Theon lay behind his wife, allowing her to rest against his chest. His arms wrapped around her waist, and he hid a smile, as he kissed the top of her head. “Tully blue,” he murmured.
Both were enraptured with their daughter, named Catelyn after the mother that Sansa had so dearly loved. “She has your nose, I think,” Sansa said softly, and Theon felt his heart stutter inside his chest, "And your pretty curls."
Neither of them, the Queen in the North nor her loyal Hand reflected on the night that that saw the creation of their daughter. Theon swallowed thickly, his eyes closing as memories came unbidden to him.

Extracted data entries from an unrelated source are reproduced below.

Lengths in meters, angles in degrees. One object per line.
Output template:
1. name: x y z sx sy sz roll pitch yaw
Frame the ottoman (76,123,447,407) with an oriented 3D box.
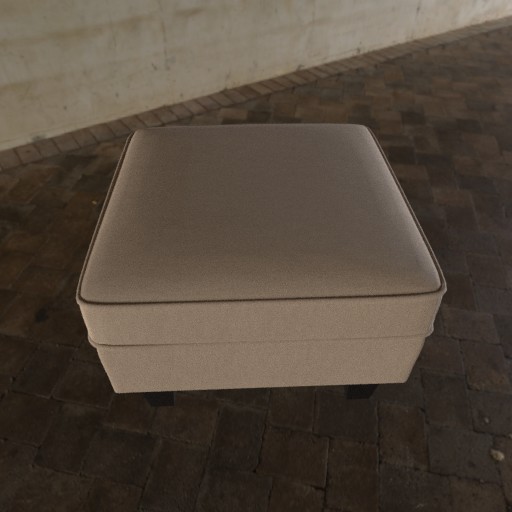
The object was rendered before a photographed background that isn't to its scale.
1. ottoman: 0.000 0.000 1.030 0.616 0.438 0.613 -2 43 -2
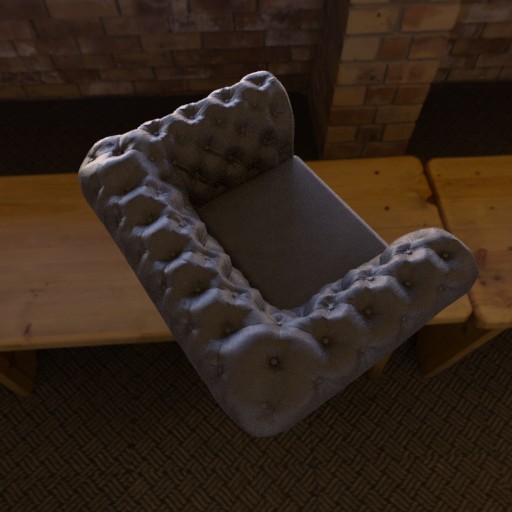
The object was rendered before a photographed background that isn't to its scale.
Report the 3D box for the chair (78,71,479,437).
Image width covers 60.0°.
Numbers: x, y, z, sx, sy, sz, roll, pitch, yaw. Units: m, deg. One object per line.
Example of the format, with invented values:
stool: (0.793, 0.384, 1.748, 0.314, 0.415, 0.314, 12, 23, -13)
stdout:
chair: (0.000, 0.000, 1.842, 0.943, 0.780, 1.298, -31, 63, -18)

He was Reek then, and Sansa -
Sansa was Ramsay's wife and had suffered as no other woman had. Towards the end, Ramsay had delighted at forcing her to lie with the man she'd once considered a brother, the man that had betrayed her family and now knelt at the feet of her cruel master, her husband, who often laid with her too.

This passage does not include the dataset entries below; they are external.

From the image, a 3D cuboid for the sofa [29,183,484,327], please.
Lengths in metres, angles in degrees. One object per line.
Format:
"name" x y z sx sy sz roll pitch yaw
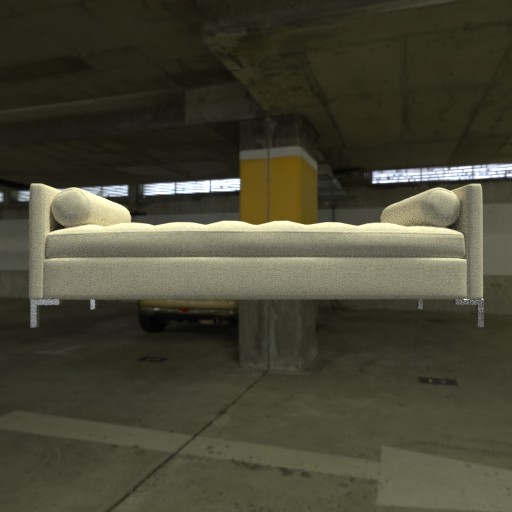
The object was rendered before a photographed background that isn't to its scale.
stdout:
"sofa" 0.000 0.000 2.396 2.102 0.655 0.797 0 0 0

Ramsay had never gone through on his threat to castrate Reek, and Sansa had confessed that she was pregnant shortly after Ramsay’s death. Only they both knew the last time that she had laid with them both, and there was a possibility, a chance –
Of something that Sansa couldn’t ever consider, nor begin to accept -
“Theon?”
He blinked, immediately loosening his grip on his wife’s nightgown. She never knew a harsh word from him nor the cut of his hand. He cherished her beyond reason, the sight of the winter queen and her consort walking hand in hand, a frequent sight amidst Winterfell’s court. They often had private moments together, whether in their chambers or the sept, and none but Catelyn’s nurse would disturb them.
They both lavished love upon their daughter, as the halls of Winterfell came alive once more. Sansa was a natural as a mother, though she often had to reassure Theon when their daughter sneezed or fell when she attempted to toddle toward them, on her unsteady feet. She was the fruit of their love, the testament to the close relationship between them.

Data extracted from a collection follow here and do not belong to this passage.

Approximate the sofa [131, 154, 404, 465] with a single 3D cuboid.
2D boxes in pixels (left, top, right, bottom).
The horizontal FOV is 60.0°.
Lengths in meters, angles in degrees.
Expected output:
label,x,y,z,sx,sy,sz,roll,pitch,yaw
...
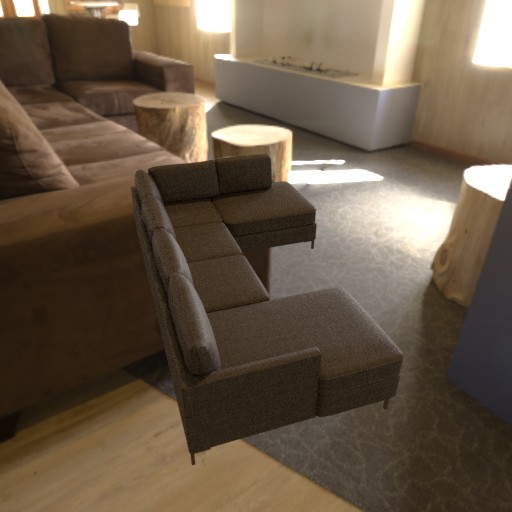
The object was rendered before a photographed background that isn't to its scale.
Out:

And there were nights still when Theon took Sansa gently in their bed, and she whispered in his ear that she dreamed of more children. She wanted a family once more; the rest of the Starks gone and buried, all but Jon who lived beyond the Wall, after the death of the Dragon Queen.
“She’s beautiful,” he said, glancing down at their daughter. She had the beginning of dark locks, ones as curly as his own, while she inherited her mother’s docile nature. “And she’s ours.”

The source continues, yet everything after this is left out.